R. Je n’ai jamais été contre la liquidation de “bombes à retardement”, ni contre des actions contre qui veut nous tuer. Mais quiconque avance des preuves tirées de ces deux dernières année prend l’histoire à l’envers et transforme l’effet en cause. Après que nous avons appliqué à la lettre l’approche “pas de partenaire” dès le début de la 2e Intifada, un vide s’est créé qui a bénéficié au Hamas et au Jihad islamique. Je n’en ai pas après les niveaux opérationnels. Ils font ce qu’ils savent faire. Mais j’aurais espéré des chefs du renseignement qu’ils soient bien conscients de la différence entre tactique et stratégie, et qu’ils laissent une marge de la manoeuvre à la diplomatie au lieu de la réduire à la paralysie. C’est la différence entre des responsables du renseignement et les niveaux subalternes. Sinon, à quoi servent-ils ?

Q. A quoi faites-vous allusion ?

R. Par exemple, dans une interview à Haaretz, Amos Yadlin, directeur du renseignement militaire, s’est focalisé sur les menaces sécuritaires auxquelles le pays était confronté, mais a totalement passé sous silence le perte d’interlocuteur pour résoudre la question des deux Etats et le glissement d’Israël vers une situation bi-nationale. Et il n’a mentionné à aucun moment l’initiative de paix arabe. J’en veux beaucoup à l’échelon politique qui fait de l’action militaire l’alpha et l’omega, nous plongeant ainsi de manière irréversible dans une situation bi-nationale catastrophique. La menace principale n’est pas militaire, mais il n’empêche qu’elle est grave et existentielle. En l’absence de cadre diplomatique concret, les actions militaires peuvent affaiblir le Hamas sur le plan matériel, mais elles le renforcent politiquement et symboliquement. Avi Dichter, quand il dirigeait le Shin Bet, insistait beaucoup pour avoir des “résultats immédiats et visibles”. Je pensais que toute action militaire devait être examinées sous l’angle de ses conséquences.
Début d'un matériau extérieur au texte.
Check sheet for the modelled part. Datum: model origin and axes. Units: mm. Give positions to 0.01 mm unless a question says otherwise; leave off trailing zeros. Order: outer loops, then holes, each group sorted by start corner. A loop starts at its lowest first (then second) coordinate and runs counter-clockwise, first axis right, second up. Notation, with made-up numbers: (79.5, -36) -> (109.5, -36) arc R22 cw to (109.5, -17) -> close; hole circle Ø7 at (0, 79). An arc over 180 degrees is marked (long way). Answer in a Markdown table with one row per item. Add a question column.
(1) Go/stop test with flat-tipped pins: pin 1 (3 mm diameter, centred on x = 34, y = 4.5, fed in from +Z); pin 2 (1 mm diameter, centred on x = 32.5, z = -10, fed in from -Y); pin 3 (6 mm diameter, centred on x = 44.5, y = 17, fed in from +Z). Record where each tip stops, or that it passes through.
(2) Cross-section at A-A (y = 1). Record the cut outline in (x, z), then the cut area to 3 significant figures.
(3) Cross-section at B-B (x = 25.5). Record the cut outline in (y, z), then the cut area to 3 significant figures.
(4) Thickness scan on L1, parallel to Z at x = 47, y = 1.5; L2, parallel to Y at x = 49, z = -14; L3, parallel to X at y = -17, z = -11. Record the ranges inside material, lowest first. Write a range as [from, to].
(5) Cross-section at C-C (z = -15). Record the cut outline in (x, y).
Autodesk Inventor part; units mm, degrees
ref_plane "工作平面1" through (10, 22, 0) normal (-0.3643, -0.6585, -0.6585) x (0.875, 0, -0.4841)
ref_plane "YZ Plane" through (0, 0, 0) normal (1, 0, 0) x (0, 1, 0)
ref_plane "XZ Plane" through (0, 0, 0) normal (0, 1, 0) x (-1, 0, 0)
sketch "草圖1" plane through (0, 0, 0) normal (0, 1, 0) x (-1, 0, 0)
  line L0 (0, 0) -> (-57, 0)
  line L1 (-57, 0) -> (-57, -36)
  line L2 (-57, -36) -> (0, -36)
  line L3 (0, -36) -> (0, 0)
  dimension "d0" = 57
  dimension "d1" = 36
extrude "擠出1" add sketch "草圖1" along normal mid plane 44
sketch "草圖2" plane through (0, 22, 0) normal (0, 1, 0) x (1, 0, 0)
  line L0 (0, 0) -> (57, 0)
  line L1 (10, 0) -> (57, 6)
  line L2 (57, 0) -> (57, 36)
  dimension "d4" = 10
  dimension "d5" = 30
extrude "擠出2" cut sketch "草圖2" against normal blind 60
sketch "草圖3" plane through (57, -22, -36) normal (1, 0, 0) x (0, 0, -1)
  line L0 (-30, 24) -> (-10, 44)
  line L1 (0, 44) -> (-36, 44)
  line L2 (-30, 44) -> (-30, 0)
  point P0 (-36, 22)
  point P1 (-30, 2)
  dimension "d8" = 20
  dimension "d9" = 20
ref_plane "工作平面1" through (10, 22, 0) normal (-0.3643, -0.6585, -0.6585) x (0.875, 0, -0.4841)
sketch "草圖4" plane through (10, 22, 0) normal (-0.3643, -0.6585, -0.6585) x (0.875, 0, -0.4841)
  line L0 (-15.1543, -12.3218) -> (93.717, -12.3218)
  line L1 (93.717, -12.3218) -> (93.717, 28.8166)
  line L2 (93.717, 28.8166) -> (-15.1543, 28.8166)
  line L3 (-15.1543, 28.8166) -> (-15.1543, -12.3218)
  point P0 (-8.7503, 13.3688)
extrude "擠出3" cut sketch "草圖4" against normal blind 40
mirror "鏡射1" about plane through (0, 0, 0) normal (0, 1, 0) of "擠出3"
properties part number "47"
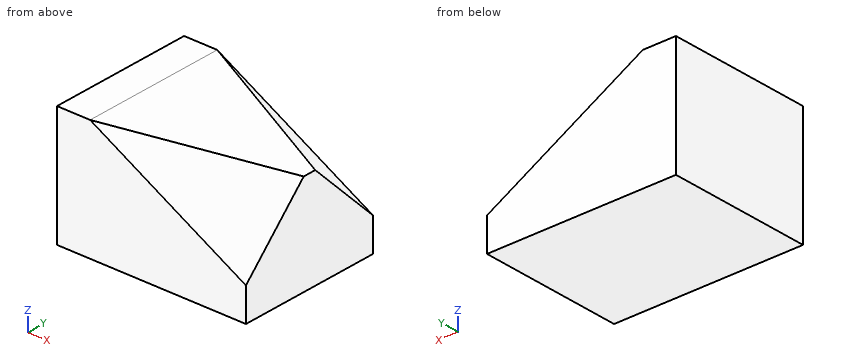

Q. Quel serait le résultat de cet examen ?

Un débat sur les conséquences pourrait nous dissuader d’effectuer des opérations militaires susceptibles de mener à des situations irréversibles. Mais non. Les choses deviennent sens dessus-dessous et les échelons opératifs, par le seul poids cumulatif de leurs actions tactiques, mènent, presque par inadvertance, à la pire des situations stratégiques pour Israël. J’ai suggéré de mettre en place une équipe chargée d’étudier les assassinats pas si ciblés que cela, équipe qui, en plus d’étudier les résultats immédiats attendus, en examinerait aussi les répercussions sur le plan stratégique. Ma proposition a été rejetée, puis, le 14 janvier 2002, s’est produit l’assassinat de Raed Karmi [dirigeant du Tanzim], qui n’était pas à l’époque une “bombe à retardement” et qui respectait le cessez-le-feu. La conséquence fut que le Fatah rejoignit les rangs des kamikazes et cela força Israël à mener l’opération Rempart [printemps 2002] qui détruisit les infrastructures du gouvernement palestinien. Cela ouvrit la voie au Hamas qui remplit le vide, et aussi à la fin de ma collaboration avec le Shin Bet.